If you are on slurm, the above commands (counting per shard + merging) can be combined by:
```sh
python count_frames_slurm.py --root ${vox} --manifest ${vox}/file.list --nshard ${nshard} \
 --slurm_partition ${slurm_partition}
```
It has dependency on [submitit](https://github.com/facebookincubator/submitit) and will directly  generate `${vox}/nframes.audio` and `${vox}/nframes.video`, similar to LRS3 data preparation.

### 4. Set up data directory
```sh
python vox_manifest.py --vox ${vox} --manifest ${vox}/file.list \
 --en-ids /path/to/en
```

This sets up data directory of the whole VoxCeleb2 and its English-only subset.  `/path/to/en` contains English-only clip ids. The one used in our experiments can be found [here](data/vox-en.id.gz). 

## Audio Noise Preparation (Optional)
If you want to test your model under noisy setting, you should prepare audio noise data. First download and decompress the [MUSAN](https://www.openslr.org/17/) corpus. Assume the data directory is `${musan}`, which contains the following folders `{music,speech,noise}`.

### 1. MUSAN data preparation
```sh
python musan_prepare.py --musan ${musan} --nshard ${nshard}  --slurm_partition ${slurm_partition}
```
This will: (1) split raw audios into 10-second clips, (2) generate babble noise from MUSAN speech audio, (3) count number of frames per clip. The whole data will be sharded into `${nshard}` parts and each job processes one part. It runs on Slurm and has dependency on [submitit](https://github.com/facebookincubator/submitit)
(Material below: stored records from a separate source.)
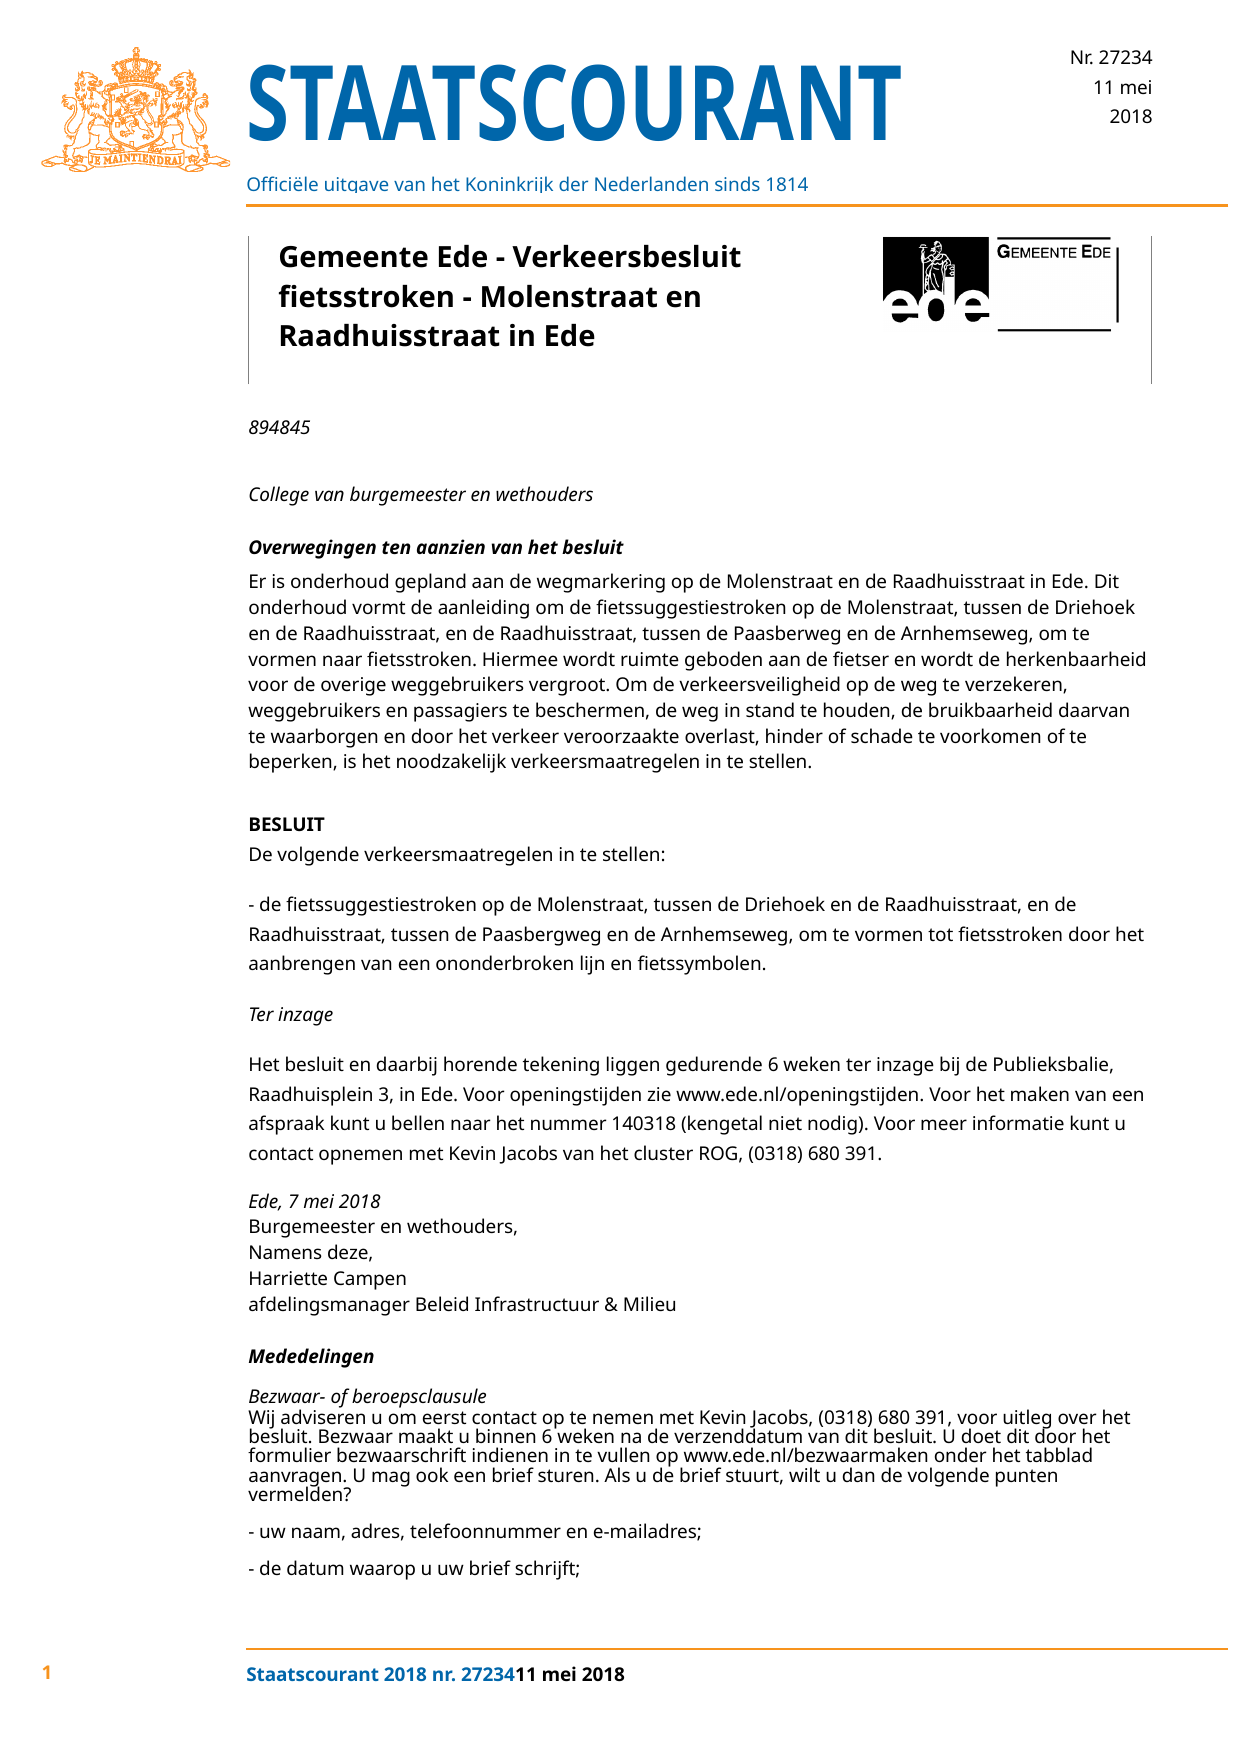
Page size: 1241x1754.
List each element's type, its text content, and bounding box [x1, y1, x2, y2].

text - uw naam, adres, telefoonnummer en e-mailadres; [248, 1523, 1152, 1542]
text BESLUIT [248, 811, 1152, 837]
picture [882, 236, 1119, 332]
table_header Gemeente Ede - Verkeersbesluit fietsstroken - Molenstraat en Raadhuisstraat in Ede [249, 236, 850, 384]
text De volgende verkeersmaatregelen in te stellen: [248, 841, 1152, 867]
text College van burgemeester en wethouders [248, 482, 1152, 507]
text Namens deze, [248, 1239, 1152, 1265]
text Mededelingen [248, 1344, 1152, 1369]
table_header [850, 236, 1151, 384]
text - de fietssuggestiestroken op de Molenstraat, tussen de Driehoek en de Raadhuisstraat, en de Raadhuisstraat, tussen de Paasbergweg en de Arnhemseweg, om te vormen tot fietsstroken door het aanbrengen van een ononderbroken lijn en fietssymbolen. [248, 891, 1152, 976]
picture [41, 47, 231, 172]
text Ede, 7 mei 2018 [248, 1188, 1152, 1214]
text - de datum waarop u uw brief schrijft; [248, 1560, 1152, 1579]
text Het besluit en daarbij horende tekening liggen gedurende 6 weken ter inzage bij de Publieksbalie, Raadhuisplein 3, in Ede. Voor openingstijden zie www.ede.nl/openingstijden. Voor het maken van een afspraak kunt u bellen naar het nummer 140318 (kengetal niet nodig). Voor meer informatie kunt u contact opnemen met Kevin Jacobs van het cluster ROG, (0318) 680 391. [248, 1051, 1152, 1166]
text Er is onderhoud gepland aan de wegmarkering op de Molenstraat en de Raadhuisstraat in Ede. Dit onderhoud vormt de aanleiding om de fietssuggestiestroken op de Molenstraat, tussen de Driehoek en de Raadhuisstraat, en de Raadhuisstraat, tussen de Paasberweg en de Arnhemseweg, om te vormen naar fietsstroken. Hiermee wordt ruimte geboden aan de fietser en wordt de herkenbaarheid voor de overige weggebruikers vergroot. Om de verkeersveiligheid op de weg te verzekeren, weggebruikers en passagiers te beschermen, de weg in stand te houden, de bruikbaarheid daarvan te waarborgen en door het verkeer veroorzaakte overlast, hinder of schade te voorkomen of te beperken, is het noodzakelijk verkeersmaatregelen in te stellen. [248, 568, 1152, 774]
text Ter inzage [248, 1001, 1152, 1027]
text Overwegingen ten aanzien van het besluit [248, 534, 1152, 560]
text Bezwaar- of beroepsclausule [248, 1383, 1152, 1409]
text afdelingsmanager Beleid Infrastructuur & Milieu [248, 1291, 1152, 1317]
text 894845 [248, 414, 1152, 440]
text Wij adviseren u om eerst contact op te nemen met Kevin Jacobs, (0318) 680 391, voor uitleg over het besluit. Bezwaar maakt u binnen 6 weken na de verzenddatum van dit besluit. U doet dit door het formulier bezwaarschrift indienen in te vullen op www.ede.nl/bezwaarmaken onder het tabblad aanvragen. U mag ook een brief sturen. Als u de brief stuurt, wilt u dan de volgende punten vermelden? [248, 1409, 1152, 1505]
text Burgemeester en wethouders, [248, 1214, 1152, 1239]
text Harriette Campen [248, 1265, 1152, 1291]

### 2. LRS3 audio noise preparation
```sh
python lrs3_noise.py --lrs3 ${lrs3}
```
It will generate LRS3 babble and speech noise including their manifest files, which are stored in `${lrs3}/noise/{babble,speech}`. `${lrs3}` is the LRS3 data directory. Make sure you already finished setting up LRS3 before running the command.

The following command generates babble noise from LRS3 training set.
```sh
python mix_babble.py --lrs3 ${lrs3}
```


### 3. Set up noise directory
```sh
python noise_manifest.py --lrs3 ${lrs3}  --musan ${musan}
```
It will make manifest (tsv) files for MUSAN babble, music and noise in `${musan}/tsv/{babble,music,noise}`, as well as a combined manifest in `${musan}/tsv/all` including MUSAN babble, music, noise and LRS3 speech.